Problem >> For the entries that follow, produce an exact copy with no pictures in it.

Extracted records
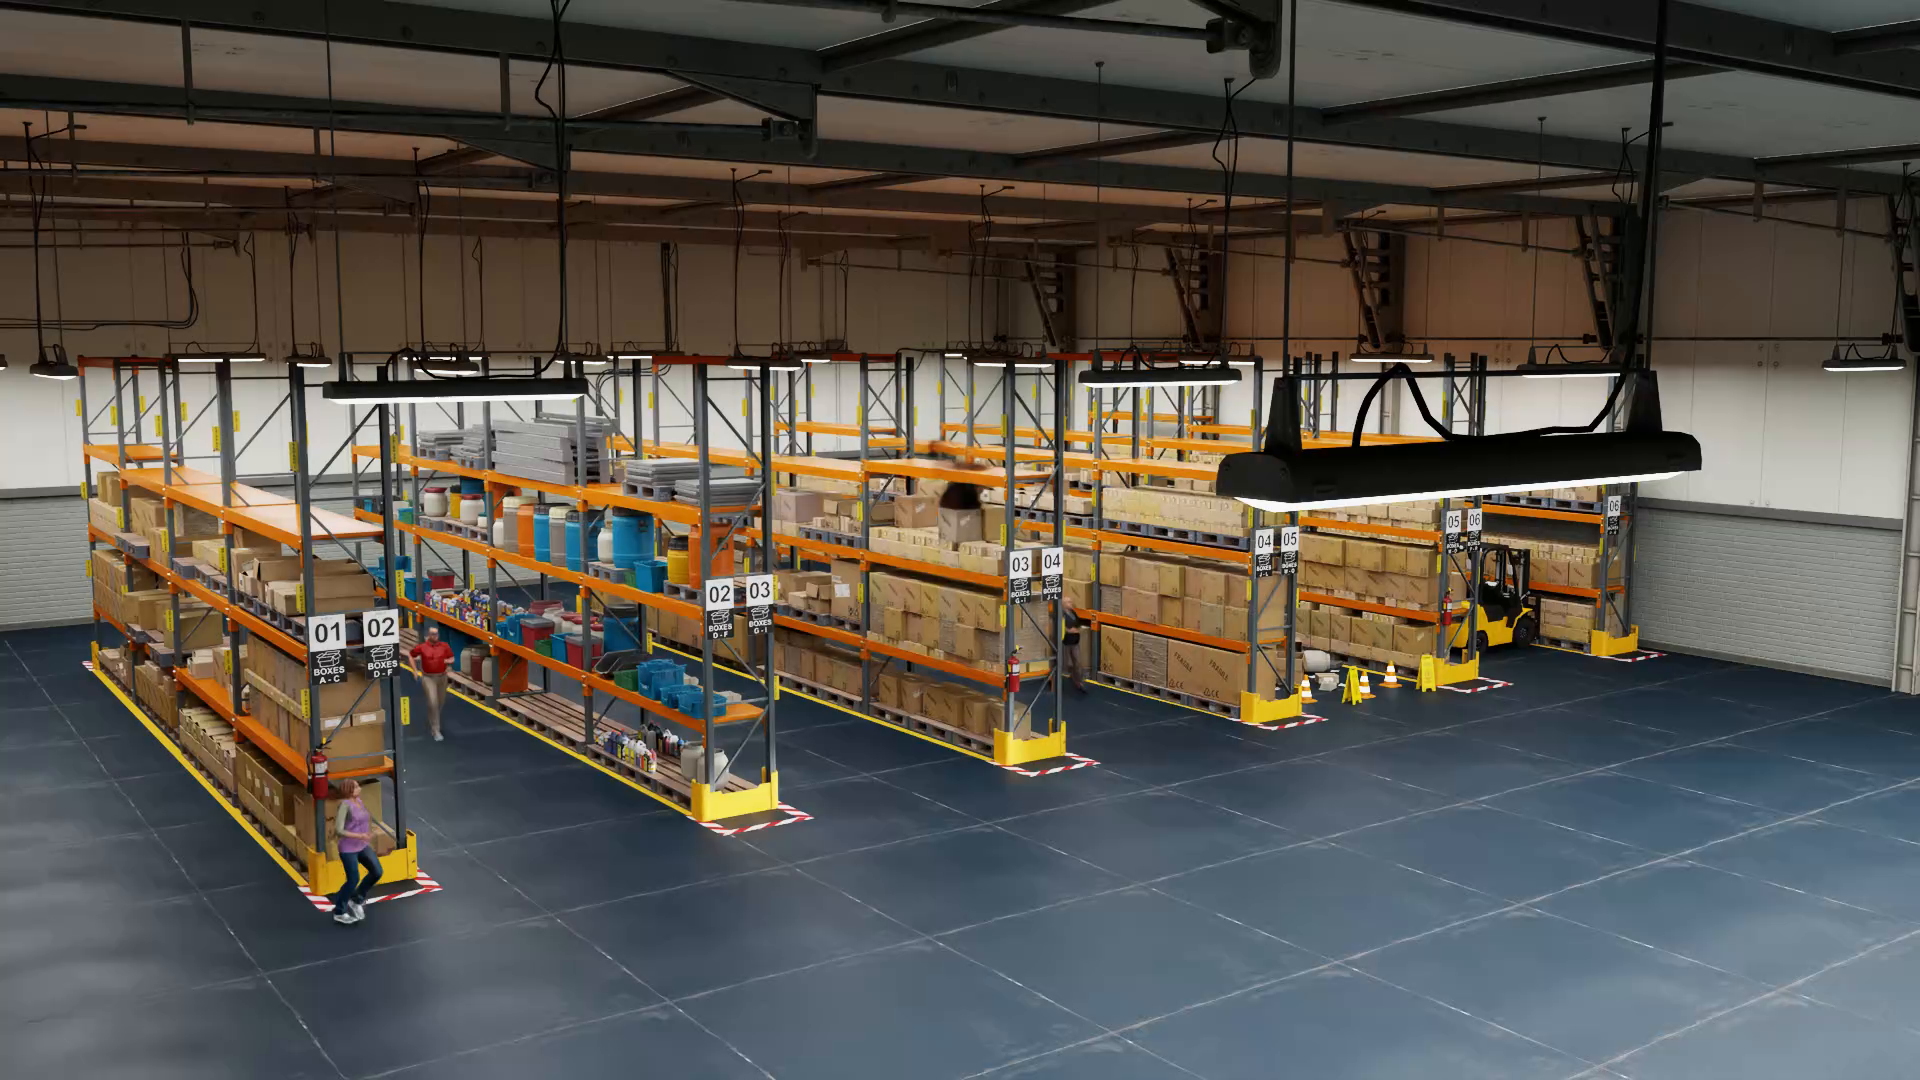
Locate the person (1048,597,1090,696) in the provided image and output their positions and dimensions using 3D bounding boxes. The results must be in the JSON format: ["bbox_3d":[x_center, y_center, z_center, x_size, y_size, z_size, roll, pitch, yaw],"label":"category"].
[{"bbox_3d":[1.922,1.866,29.618,0.657,1.724,0.950,-6,9,-43],"label":"person"}]

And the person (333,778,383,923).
[{"bbox_3d":[-6.550,3.371,18.055,0.521,1.564,0.534,1,7,11],"label":"person"}]

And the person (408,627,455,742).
[{"bbox_3d":[-8.367,2.261,26.495,0.649,1.772,0.867,-6,9,-39],"label":"person"}]
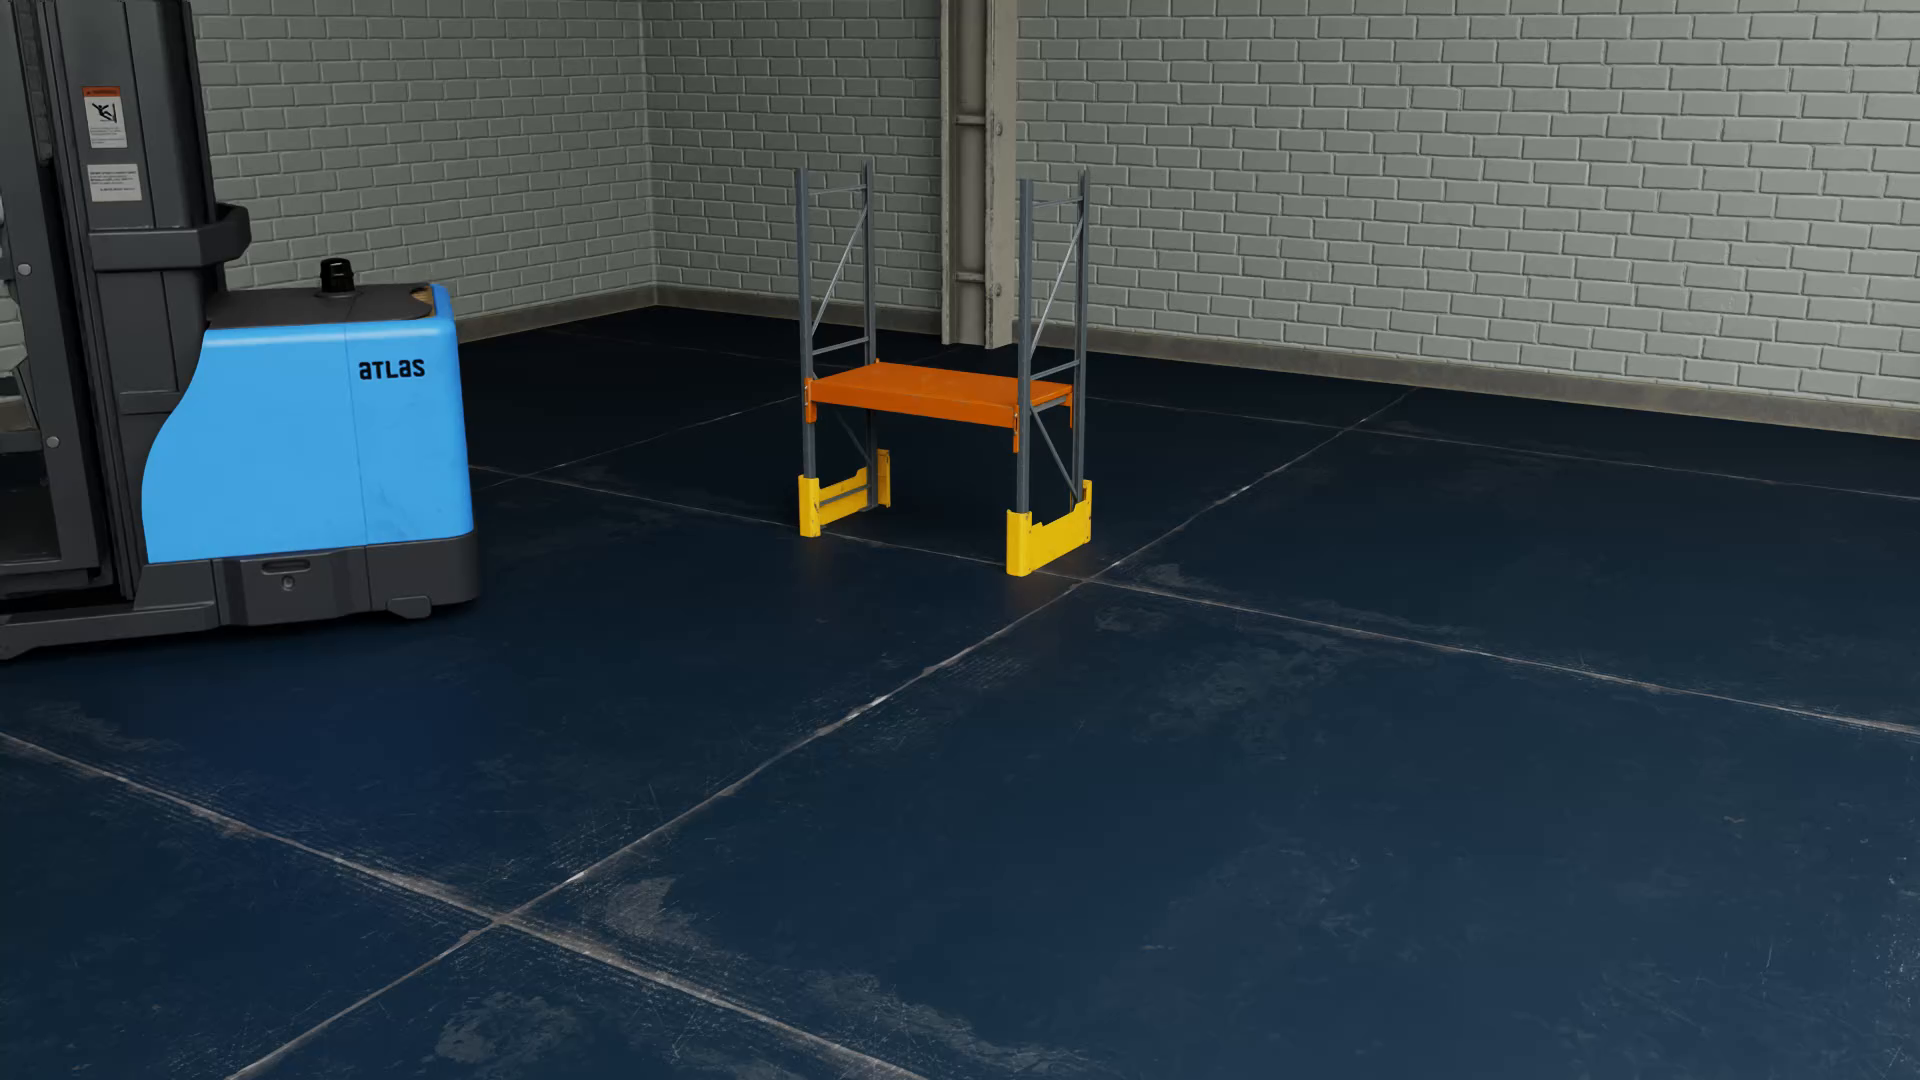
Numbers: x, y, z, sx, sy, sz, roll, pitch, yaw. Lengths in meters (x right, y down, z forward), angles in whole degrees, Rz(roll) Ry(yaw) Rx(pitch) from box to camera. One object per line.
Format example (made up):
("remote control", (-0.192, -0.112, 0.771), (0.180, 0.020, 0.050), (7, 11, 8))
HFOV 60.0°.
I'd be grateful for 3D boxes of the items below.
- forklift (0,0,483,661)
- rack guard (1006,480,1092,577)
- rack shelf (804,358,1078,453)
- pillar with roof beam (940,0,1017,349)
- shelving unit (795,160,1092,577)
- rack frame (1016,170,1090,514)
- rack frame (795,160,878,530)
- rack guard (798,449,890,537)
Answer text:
("forklift", (-3.297, -1.127, 5.548), (3.031, 2.935, 1.130), (-5, 18, -17))
("rack guard", (0.359, -0.055, 6.634), (0.087, 0.250, 0.587), (10, 20, 30))
("rack shelf", (-0.073, -0.558, 6.758), (1.000, 0.185, 0.538), (10, 20, 30))
("pillar with roof beam", (-2.133, -4.577, 6.465), (0.400, 9.000, 9.100), (10, 20, 30))
("shelving unit", (-0.065, -0.729, 6.701), (1.083, 1.500, 0.587), (10, 20, 30))
("rack frame", (0.360, -0.653, 6.451), (0.032, 1.500, 0.500), (10, 20, 30))
("rack frame", (-0.506, -0.808, 6.961), (0.032, 1.500, 0.500), (10, 20, 30))
("rack guard", (-0.489, -0.207, 7.132), (0.087, 0.250, 0.587), (10, 20, 30))
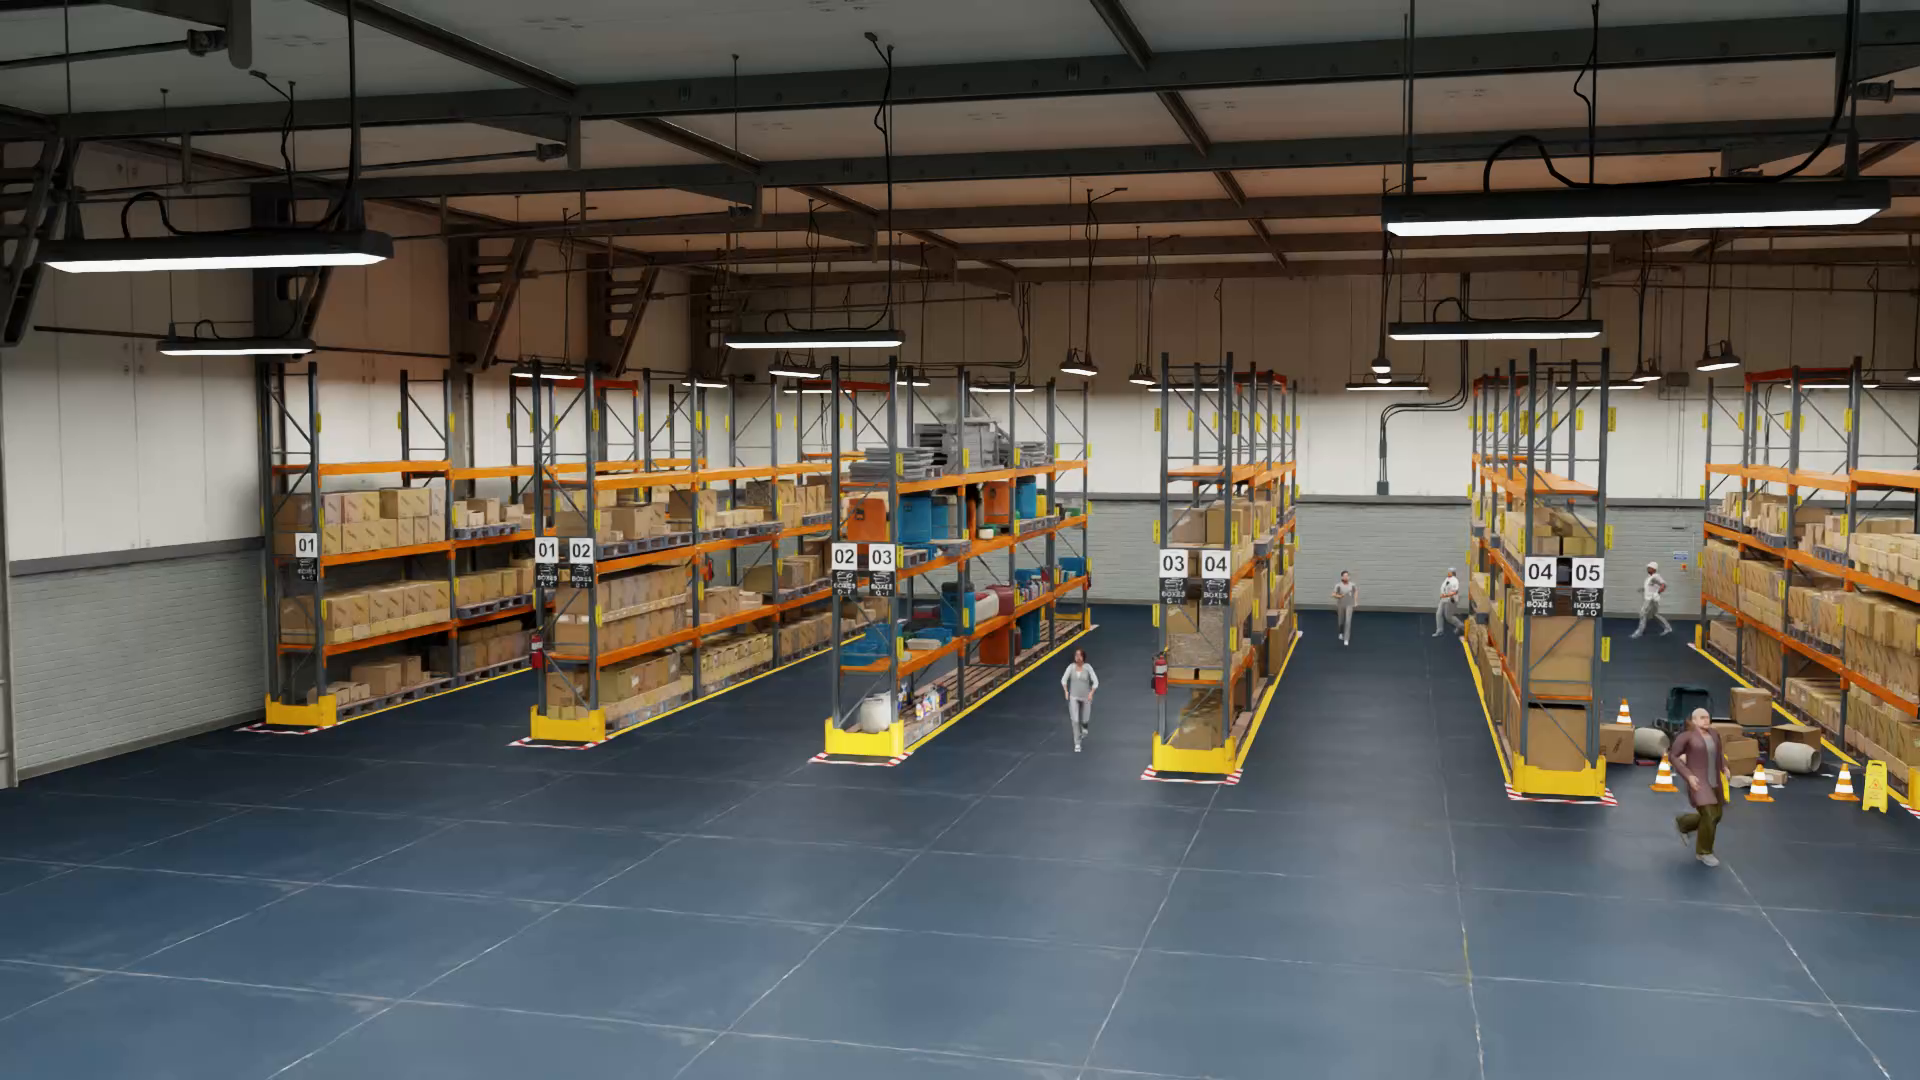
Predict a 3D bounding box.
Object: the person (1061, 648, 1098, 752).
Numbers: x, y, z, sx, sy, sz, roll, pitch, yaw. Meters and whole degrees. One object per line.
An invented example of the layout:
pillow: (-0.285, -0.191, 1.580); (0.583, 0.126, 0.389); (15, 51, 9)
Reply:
person: (1.832, 2.428, 25.480); (0.575, 1.557, 0.678); (1, 4, 8)

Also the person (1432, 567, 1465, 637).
person: (11.487, 1.458, 38.910); (0.759, 1.664, 0.625); (-1, 4, -12)

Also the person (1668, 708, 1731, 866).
person: (8.472, 2.797, 19.073); (0.707, 1.761, 0.745); (-1, 4, -19)

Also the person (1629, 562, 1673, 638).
person: (16.003, 1.397, 38.469); (0.943, 1.800, 0.717); (2, 4, 22)

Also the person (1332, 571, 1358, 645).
person: (8.678, 1.513, 37.478); (0.572, 1.647, 0.927); (1, 4, 8)

Answer section >>
Locate the person (1048,597,1090,696) in the provided image and output their positions and dimensions using 3D bounding boxes. The results must be in the JSON format: ["bbox_3d":[x_center, y_center, z_center, x_size, y_size, z_size, roll, pitch, yaw],"label":"category"].
[{"bbox_3d":[1.922,1.866,29.618,0.657,1.724,0.950,-6,9,-43],"label":"person"}]

And the person (333,778,383,923).
[{"bbox_3d":[-6.550,3.371,18.055,0.521,1.564,0.534,1,7,11],"label":"person"}]

And the person (408,627,455,742).
[{"bbox_3d":[-8.367,2.261,26.495,0.649,1.772,0.867,-6,9,-39],"label":"person"}]
Numbers: x, y, z, sx, sy, sz, roll, pitch, yaw. Lengths in meters (x right, y down, z forward), angles in whole degrees, Rz(roll) Ry(yaw) Rx(pitch) from box to camera. One object per line.
Format example (made up):
("remote control", (-0.192, -0.112, 0.771), (0.180, 0.020, 0.050), (7, 11, 8))
HFOV 60.0°.
I'd be grateful for 3D boxes of the items below.
- forklift (0,0,483,661)
- rack guard (1006,480,1092,577)
- rack shelf (804,358,1078,453)
- pillar with roof beam (940,0,1017,349)
- shelving unit (795,160,1092,577)
- rack frame (1016,170,1090,514)
- rack frame (795,160,878,530)
- rack guard (798,449,890,537)
Answer text:
("forklift", (-3.297, -1.127, 5.548), (3.031, 2.935, 1.130), (-5, 18, -17))
("rack guard", (0.359, -0.055, 6.634), (0.087, 0.250, 0.587), (10, 20, 30))
("rack shelf", (-0.073, -0.558, 6.758), (1.000, 0.185, 0.538), (10, 20, 30))
("pillar with roof beam", (-2.133, -4.577, 6.465), (0.400, 9.000, 9.100), (10, 20, 30))
("shelving unit", (-0.065, -0.729, 6.701), (1.083, 1.500, 0.587), (10, 20, 30))
("rack frame", (0.360, -0.653, 6.451), (0.032, 1.500, 0.500), (10, 20, 30))
("rack frame", (-0.506, -0.808, 6.961), (0.032, 1.500, 0.500), (10, 20, 30))
("rack guard", (-0.489, -0.207, 7.132), (0.087, 0.250, 0.587), (10, 20, 30))
Predict a 3D bounding box.
Object: the person (1061, 648, 1098, 752).
Numbers: x, y, z, sx, sy, sz, roll, pitch, yaw. Meters and whole degrees. One object per line.
An invented example of the layout:
pillow: (-0.285, -0.191, 1.580); (0.583, 0.126, 0.389); (15, 51, 9)
Reply:
person: (1.832, 2.428, 25.480); (0.575, 1.557, 0.678); (1, 4, 8)

Also the person (1432, 567, 1465, 637).
person: (11.487, 1.458, 38.910); (0.759, 1.664, 0.625); (-1, 4, -12)

Also the person (1668, 708, 1731, 866).
person: (8.472, 2.797, 19.073); (0.707, 1.761, 0.745); (-1, 4, -19)

Also the person (1629, 562, 1673, 638).
person: (16.003, 1.397, 38.469); (0.943, 1.800, 0.717); (2, 4, 22)

Also the person (1332, 571, 1358, 645).
person: (8.678, 1.513, 37.478); (0.572, 1.647, 0.927); (1, 4, 8)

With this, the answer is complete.